Contrast this with my experience with the ER that is in network. Even as my pain started increasing I couldn't begrudge them the fact that it was Memorial Day weekend and they were busy. After about 45 minutes the waiting room started clearing out and my last pain pill was just a memory. After a little over an hour my wife went to the nurse's station to update them on my increased level of pain and see if there was any way they could give me ANYTHING, even just some OTC level. They couldn't and told her it would probably be another hour before I was seen. Two hours later and I'm wanting to bash my head against the wall to stop the pain. By this point it has become apparent that I've been relegated to drug seeker or so low of a priority that I'll only be seen once the waiting room is empty. By this point I'm sitting on the floor in a side hallway because the noise of the TVs and chatter in the waiting room is making everything way worse. My wife drags me up to the nurse's station after seeing them take someone back after only about 15 minutes with a twisted ankle. Her being chatty was a major contributor to the noise level in the waiting room. She starts telling them to look at how much I'm hurting and have been waiting for 2 and a half hours and asking why they're making me wait while bringing in people with minor pain. After having been there three hours we left, I got wasted and we went to the other ER. Spent 15 minutes in the waiting room and an hour and a half total. Wife was handed a prescription for Percocet 5mgs with X2 every four hours and strict instructions to grab me something to eat on the way home, put me to bed and not give me any pills until after eating again when I woke up.

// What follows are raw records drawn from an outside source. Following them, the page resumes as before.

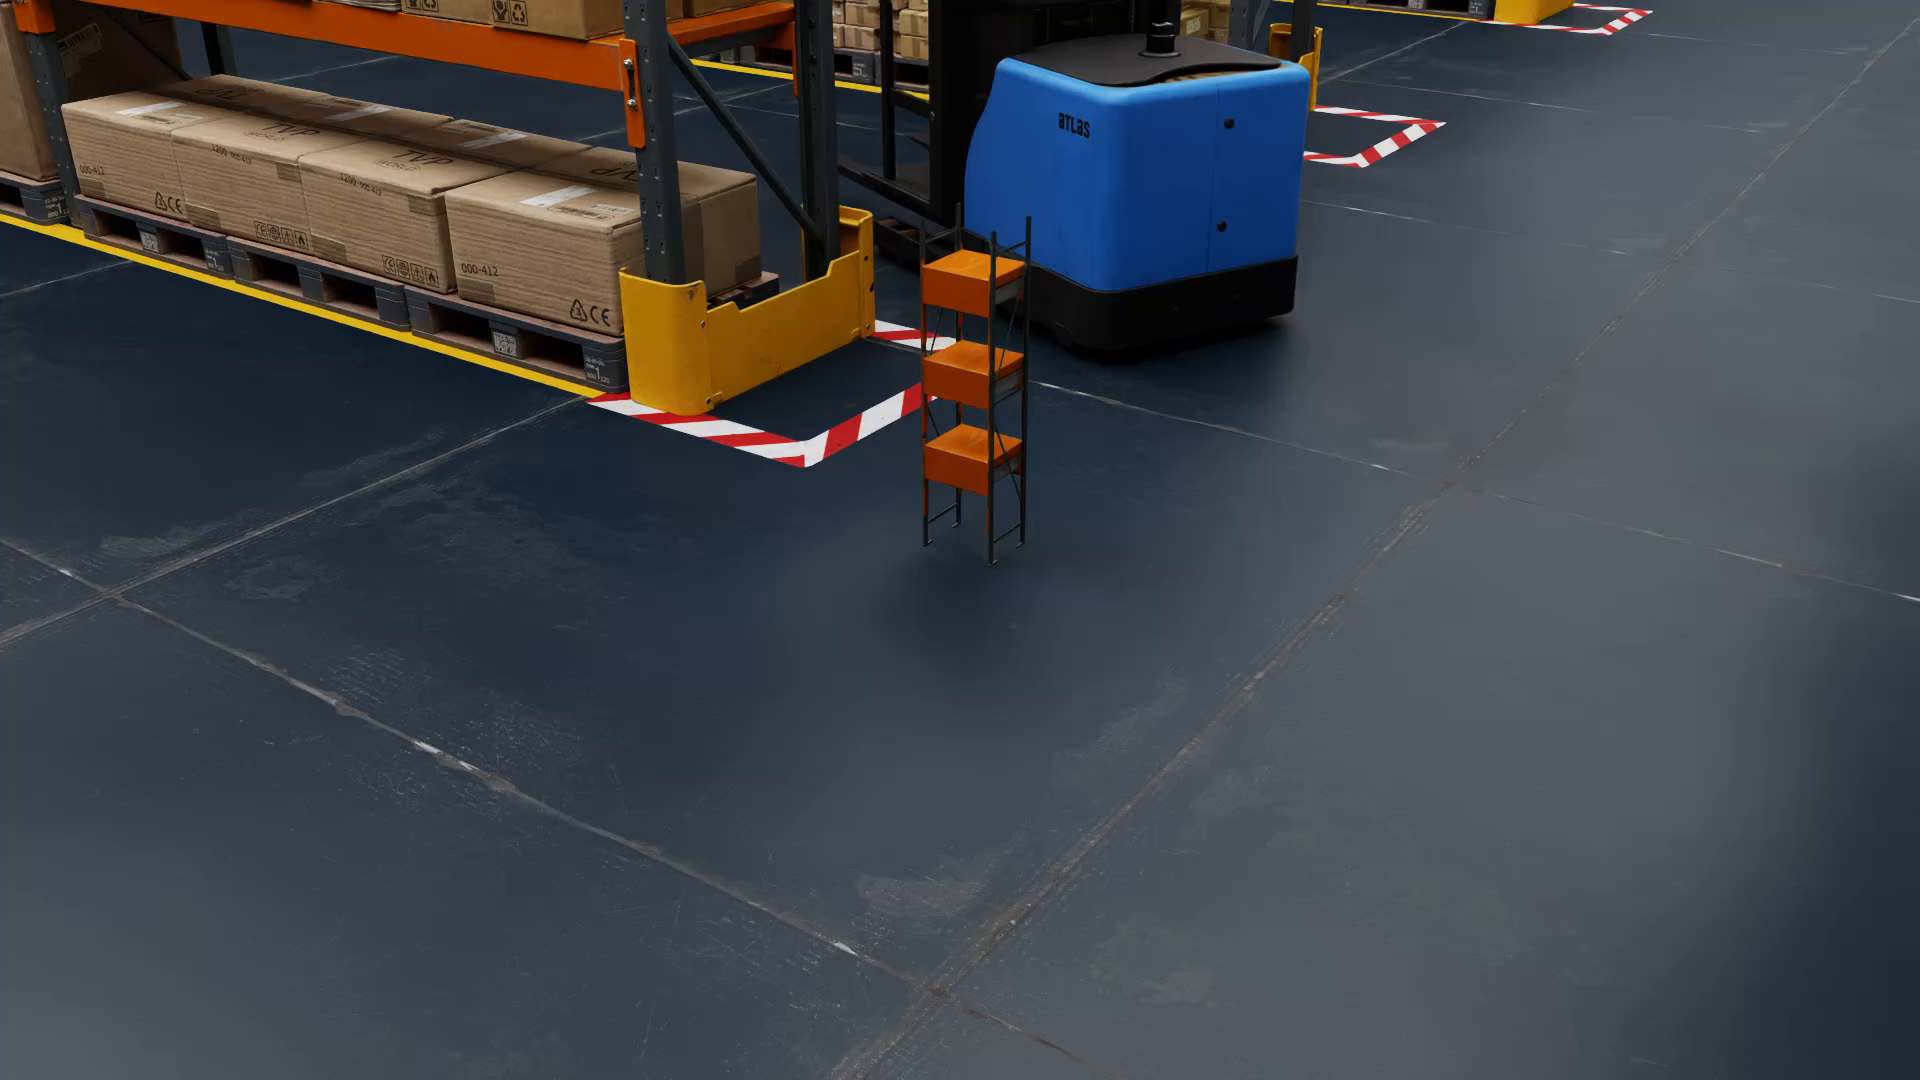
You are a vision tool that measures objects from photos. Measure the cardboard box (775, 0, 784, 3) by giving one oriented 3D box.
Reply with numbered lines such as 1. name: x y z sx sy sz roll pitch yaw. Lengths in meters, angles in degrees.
1. cardboard box: -1.281 -3.790 11.743 0.250 0.149 0.380 19 33 33

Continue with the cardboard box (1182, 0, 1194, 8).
1. cardboard box: 1.364 -3.396 10.640 0.250 0.149 0.380 18 32 31

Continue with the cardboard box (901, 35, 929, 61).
1. cardboard box: -0.188 -3.339 11.184 0.250 0.149 0.380 16 31 29

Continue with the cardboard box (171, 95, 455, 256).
1. cardboard box: -2.923 -1.692 7.629 0.875 0.438 0.875 16 31 29

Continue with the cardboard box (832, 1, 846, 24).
1. cardboard box: -0.800 -3.710 11.585 0.250 0.149 0.380 17 32 30

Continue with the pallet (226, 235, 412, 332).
1. pallet: -2.526 -1.297 7.566 1.213 0.211 1.003 17 32 30

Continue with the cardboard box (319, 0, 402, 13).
1. cardboard box: -2.203 -2.383 6.515 0.500 0.500 0.500 18 32 32

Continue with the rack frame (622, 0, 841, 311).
1. rack frame: -0.821 -2.050 5.972 0.127 3.000 1.000 17 32 30

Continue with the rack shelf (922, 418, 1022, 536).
1. rack shelf: 0.044 -0.197 5.116 0.240 0.259 0.215 17 32 30

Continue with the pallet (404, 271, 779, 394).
1. pallet: -1.524 -0.984 6.950 1.213 0.211 1.003 17 32 30

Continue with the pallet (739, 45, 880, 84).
1. pallet: -0.825 -3.552 11.997 1.213 0.211 1.003 17 32 30

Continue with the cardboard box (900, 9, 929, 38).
1. cardboard box: -0.194 -3.472 11.117 0.250 0.149 0.380 17 32 30

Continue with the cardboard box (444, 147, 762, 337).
1. cardboard box: -1.421 -1.228 6.717 0.875 0.438 0.875 16 31 29

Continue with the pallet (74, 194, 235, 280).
1. pallet: -3.535 -1.610 8.181 1.213 0.211 1.003 17 32 30

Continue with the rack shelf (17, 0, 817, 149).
1. rack shelf: -2.469 -2.243 7.144 4.000 0.370 1.077 17 32 30

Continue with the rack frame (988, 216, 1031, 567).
1. rack frame: 0.145 -0.423 4.923 0.008 1.050 0.200 17 32 30

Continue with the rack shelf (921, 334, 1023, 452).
1. rack shelf: 0.044 -0.445 4.990 0.240 0.259 0.215 17 32 30

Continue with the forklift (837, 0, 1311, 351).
1. forklift: 0.232 -2.684 7.292 1.130 2.935 3.031 -15 30 -27

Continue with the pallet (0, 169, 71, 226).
1. pallet: -4.797 -2.005 8.956 1.213 0.211 1.003 17 32 30

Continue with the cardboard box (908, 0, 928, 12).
1. cardboard box: -0.139 -3.637 11.114 0.250 0.149 0.380 16 31 28

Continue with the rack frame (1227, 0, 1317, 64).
1. rack frame: 1.899 -3.927 9.659 0.127 3.000 1.000 17 32 30

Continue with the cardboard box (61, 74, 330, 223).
1. cardboard box: -3.661 -1.921 8.080 0.875 0.438 0.875 17 31 30

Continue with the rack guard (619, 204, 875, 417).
1. rack guard: -0.801 -0.930 6.526 0.348 0.500 1.175 17 32 30

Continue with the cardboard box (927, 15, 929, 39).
1. cardboard box: -0.005 -3.399 10.974 0.250 0.149 0.380 18 32 31

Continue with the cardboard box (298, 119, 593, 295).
1. cardboard box: -2.180 -1.460 7.173 0.875 0.438 0.875 18 32 32

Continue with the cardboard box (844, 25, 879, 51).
1. cardboard box: -0.589 -3.498 11.496 0.250 0.149 0.380 17 31 29

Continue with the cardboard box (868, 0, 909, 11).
1. cardboard box: -0.411 -3.676 11.191 0.250 0.149 0.380 18 32 31

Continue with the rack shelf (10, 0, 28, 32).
1. rack shelf: -5.766 -3.270 9.162 4.000 0.370 1.077 17 32 30

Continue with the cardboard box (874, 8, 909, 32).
1. cardboard box: -0.366 -3.560 11.291 0.250 0.149 0.380 19 33 33

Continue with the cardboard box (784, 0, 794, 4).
1. cardboard box: -1.022 -3.759 11.682 0.250 0.149 0.380 18 32 31

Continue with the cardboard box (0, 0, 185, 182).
1. cardboard box: -4.674 -2.447 8.631 0.875 0.875 0.875 18 32 32

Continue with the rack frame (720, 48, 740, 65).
1. rack frame: -1.399 -4.954 11.677 0.127 3.000 1.000 17 32 30

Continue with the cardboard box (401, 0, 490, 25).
1. cardboard box: -1.773 -2.254 6.262 0.500 0.500 0.500 17 31 29

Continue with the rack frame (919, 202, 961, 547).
1. rack frame: -0.056 -0.485 5.046 0.008 1.050 0.200 17 32 30

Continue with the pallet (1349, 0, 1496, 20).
1. pallet: 4.087 -4.689 14.230 1.213 0.211 1.003 17 32 30

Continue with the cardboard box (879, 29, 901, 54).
1. cardboard box: -0.348 -3.442 11.386 0.250 0.149 0.380 16 31 28

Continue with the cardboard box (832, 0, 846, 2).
1. cardboard box: -0.802 -3.830 11.494 0.250 0.149 0.380 17 31 30

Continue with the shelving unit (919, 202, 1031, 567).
1. shelving unit: 0.044 -0.454 4.985 0.252 1.050 0.215 17 32 30

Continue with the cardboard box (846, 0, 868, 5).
1. cardboard box: -0.574 -3.772 11.379 0.250 0.149 0.380 16 31 29

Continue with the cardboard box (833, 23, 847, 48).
1. cardboard box: -0.827 -3.544 11.587 0.250 0.149 0.380 17 32 30

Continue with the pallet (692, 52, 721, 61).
1. pallet: -2.041 -3.911 12.702 1.213 0.211 1.003 17 32 30

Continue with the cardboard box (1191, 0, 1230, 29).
1. cardboard box: 1.659 -3.370 10.589 0.250 0.149 0.380 16 31 28

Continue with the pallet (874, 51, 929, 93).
1. pallet: 0.185 -3.239 11.382 1.213 0.211 1.003 17 32 30

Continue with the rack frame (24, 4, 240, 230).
1. rack frame: -4.118 -3.077 7.990 0.127 3.000 1.000 17 32 30

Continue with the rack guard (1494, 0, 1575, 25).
1. rack guard: 4.810 -4.635 13.807 0.348 0.500 1.175 17 32 30

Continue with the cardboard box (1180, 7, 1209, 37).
1. cardboard box: 1.319 -3.150 10.156 0.250 0.149 0.380 18 32 31

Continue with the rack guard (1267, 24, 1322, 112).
1. rack guard: 1.836 -2.832 10.264 0.348 0.500 1.175 17 32 30

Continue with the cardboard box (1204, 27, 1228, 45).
1. cardboard box: 1.612 -3.207 10.596 0.250 0.149 0.380 19 32 32

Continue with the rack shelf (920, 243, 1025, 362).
1. rack shelf: 0.044 -0.698 4.861 0.240 0.259 0.215 17 32 30

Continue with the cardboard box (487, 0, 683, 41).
1. cardboard box: -1.368 -2.120 5.998 0.500 0.500 0.500 18 32 31

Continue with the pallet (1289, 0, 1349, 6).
1. pallet: 3.085 -5.002 14.846 1.213 0.211 1.003 17 32 30

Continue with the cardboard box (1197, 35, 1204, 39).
1. cardboard box: 1.302 -3.005 10.200 0.250 0.149 0.380 16 31 29

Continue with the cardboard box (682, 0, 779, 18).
1. cardboard box: -1.054 -2.325 6.402 0.500 0.500 0.500 17 32 30

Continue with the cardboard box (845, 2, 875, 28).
1. cardboard box: -0.579 -3.640 11.447 0.250 0.149 0.380 16 31 28
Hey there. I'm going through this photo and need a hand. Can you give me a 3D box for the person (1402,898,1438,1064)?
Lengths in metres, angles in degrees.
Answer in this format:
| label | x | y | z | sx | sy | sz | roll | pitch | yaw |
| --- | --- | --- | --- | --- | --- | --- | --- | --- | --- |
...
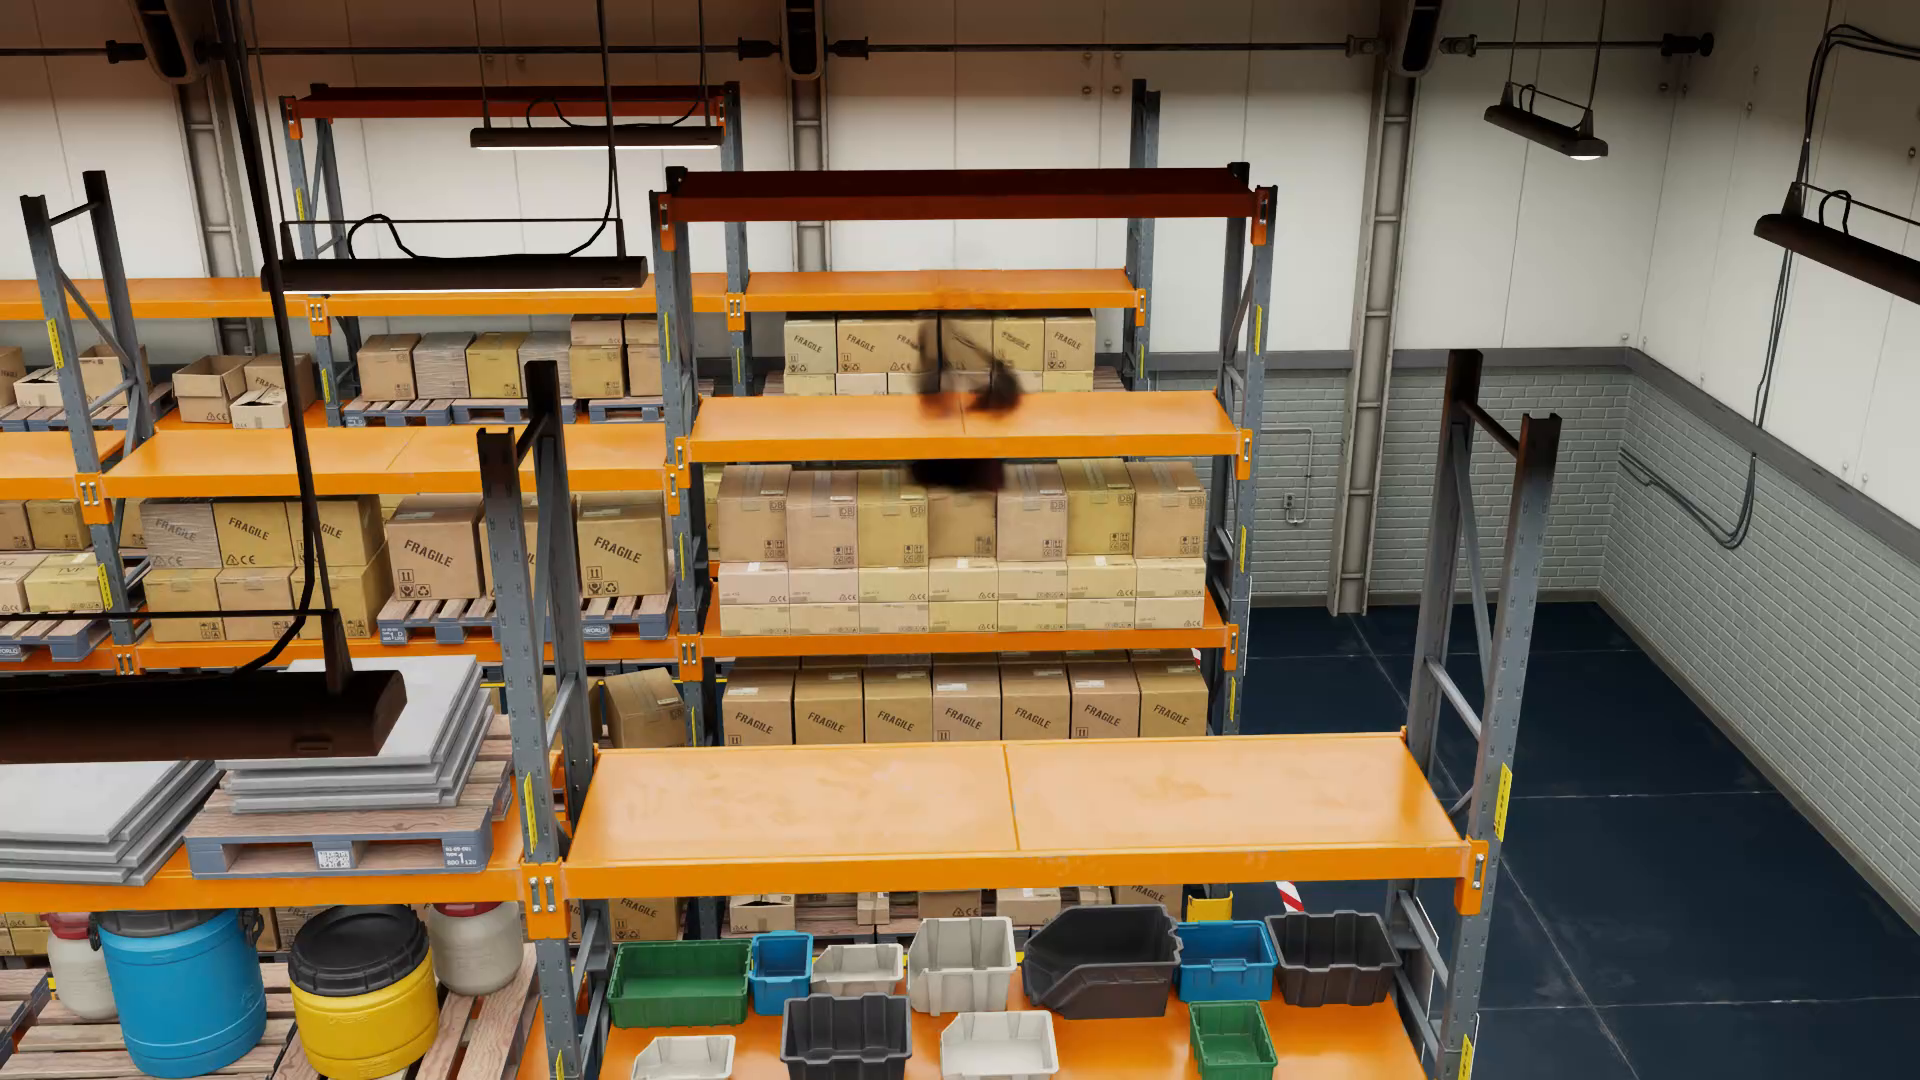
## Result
| label | x | y | z | sx | sy | sz | roll | pitch | yaw |
| --- | --- | --- | --- | --- | --- | --- | --- | --- | --- |
| person | 2.517 | 5.573 | 3.229 | 6.985 | 3.197 | 10.213 | -16 | 27 | -33 |
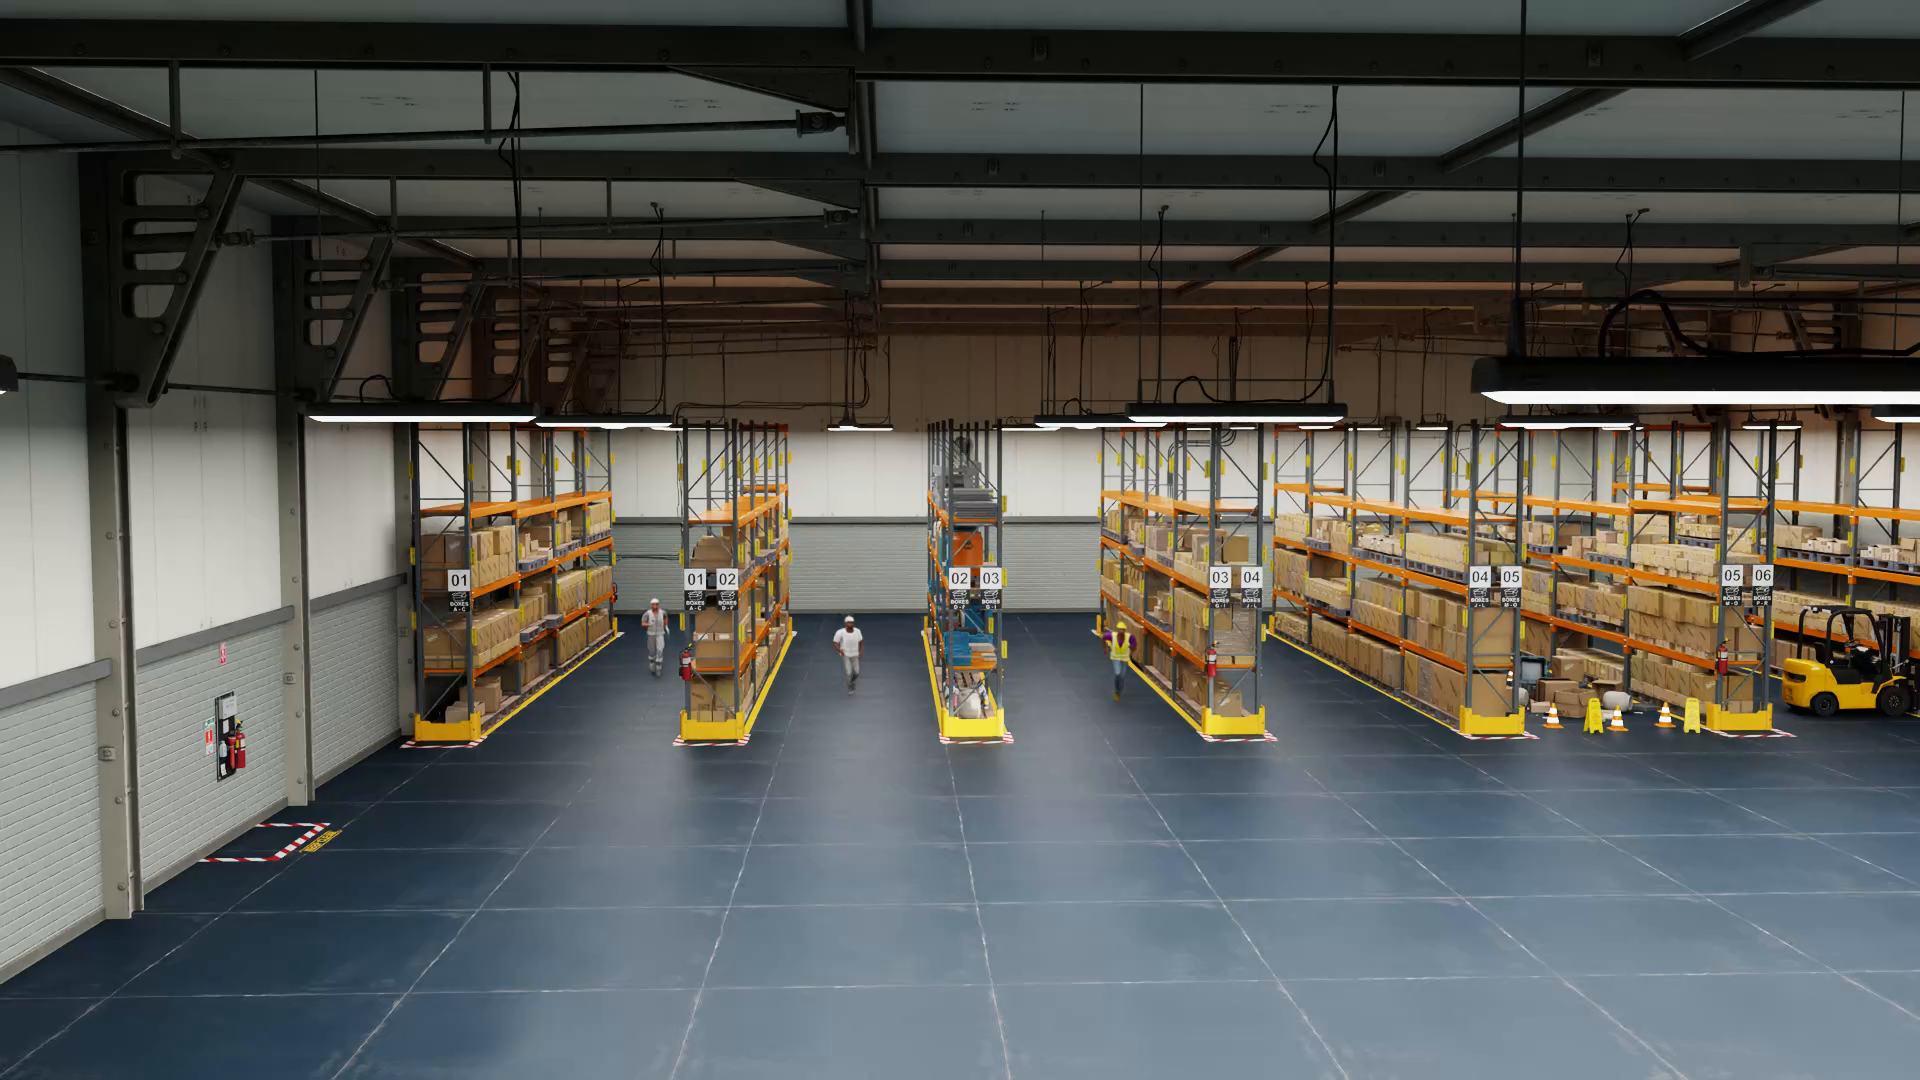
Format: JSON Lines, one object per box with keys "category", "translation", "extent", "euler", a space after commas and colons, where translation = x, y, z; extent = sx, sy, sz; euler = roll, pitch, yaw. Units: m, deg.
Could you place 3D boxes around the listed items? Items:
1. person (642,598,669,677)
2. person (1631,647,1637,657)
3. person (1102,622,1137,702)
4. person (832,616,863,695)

Would anyone in their right mind choose the first hospital over the second? No way! But I have unsocialised insurance. And, even though right wingers insist I'll lose my choice of doctors, I don't really have a choice.
Who does get a choice?
My Grandmother, who is on Medicare, can choose to go with either network. She chooses the second hospital's. My friend's girlfriend, who was on Medicaid, was pregnant. She could choose her prenatal and delivery at either network's hospital. She chose to do both at the second hospital. Members of Congress, who receive government provided health care, sure as hell wouldn't choose the first hospital either. They get to choose because of socialised medicine. This not only refutes the "lose your choice" talking point, it also shoots down the "free markets" BS that right wingers spout. In a free market I would be free to choose which hospital to go to. Insurance totally screws up the market because I, and many others, are forced by our insurance to go to the worst hospitals because they're cheaper. In a free market the poor hospitals would have no patients and close while the better hospital expands because all the patients go there. The market is tipped by insurance companies propping up these badly performing hospitals. In a US of A with single payer health care people would be free to choose which hospital they went to and my area would either see the first hospital improve or be forced to close.
In a US of A with single payer health care I could have had that quick in and out at the clinic, which was my first choice. Instead, in this US of A with employer provided health coverage, I was forced to take a much more expensive trip to the ER where I never received treatment and an even more expensive, for me, trip to an out of network ER to even get seen!
Single payer would have been quicker, would have been cheaper and would have been much easier on the patient.